KiteFish-A1-1.5B
KiteFish-A1-1.5B is a ~1.5B parameter decoder-only transformer trained from scratch on raw arXiv LaTeX sources across mathematics, computer science, and theoretical physics.
📄 Paper: https://arxiv.org/abs/2602.17288
💻 Github: https://github.com/kitefishai/KiteFish-A1-1.5B-Math
This is a base scientific language model (not instruction-tuned).
Overview
KiteFish-A1-1.5B explores what it takes to train a domain-specialized scientific language model directly from structured LaTeX archives.
Training Scale
- ~52B pretraining tokens
- ~5B additional post-training tokens
- ~200GB processed scientific corpus
- LLaMA-compatible tokenizer (~102k vocab)
- 2× NVIDIA A100 (80GB) GPUs
- 24 experimental training runs
The focus of this project is scientific language modeling robustness, not benchmark optimization.
Model Architecture
- 24 Transformer layers
- Hidden size: 2048
- FFN size: 5504
- 16 attention heads
- Context length: 4096 (trained at 768 tokens)

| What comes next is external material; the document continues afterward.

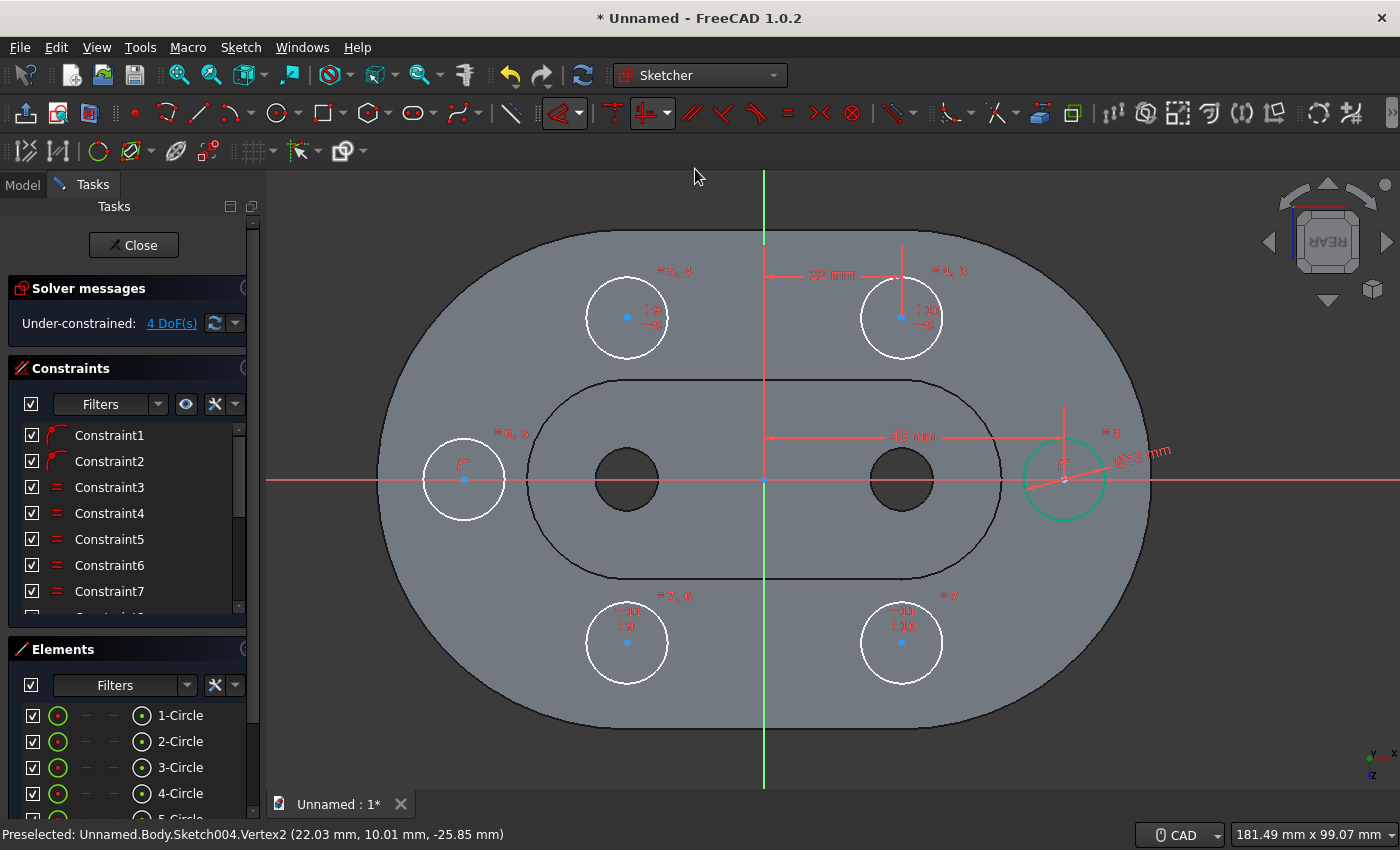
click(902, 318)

- Dense LLaMA-style architecture
Optimization
- AdamW
- Learning rate: 2e-4
- Warmup: 500 steps
- Weight decay: 0.1
- Gradient accumulation: 32
- bf16 mixed precision
- Gradient checkpointing enabled
Validation Perplexity: ~4.2 (held-out scientific corpus)
Intended Use
KiteFish-A1-1.5B is suitable for:
- Scientific text modeling research
- Mathematical language modeling experiments
- Pretraining initialization for domain fine-tuning
- Tokenization and symbolic modeling research
- Studying LaTeX structure modeling
It is not optimized for:
- Instruction following
- Chat-based applications
- General conversational AI
- Benchmark leaderboard performance
Performance Notes
This model was trained under moderate compute constraints and without instruction tuning or alignment stages.
Observed characteristics:
- Strong familiarity with scientific writing style
- Stable LaTeX structural modeling
- Reasonable symbolic fluency
- Limited reasoning depth
- Low downstream benchmark accuracy without fine-tuning
Performance improves significantly with supervised fine-tuning (SFT), LoRA adaptation, or domain-specific instruction tuning.
Limitations
- Not instruction-tuned
- No RLHF or preference alignment
- Trained at 768-token sequence length
- Domain restricted to selected arXiv categories
- Not optimized for reasoning benchmarks
- General NLP benchmark scores may be low
This release is intended primarily for research and experimentation.
Example Usage
from transformers import AutoTokenizer, AutoModelForCausalLM
import torch
model_id = "KiteFishAI/KiteFish-A1-1.5B-Math"
tokenizer = AutoTokenizer.from_pretrained(model_id)
model = AutoModelForCausalLM.from_pretrained(model_id)
prompt = "Prove that the sum of two continuous functions is continuous."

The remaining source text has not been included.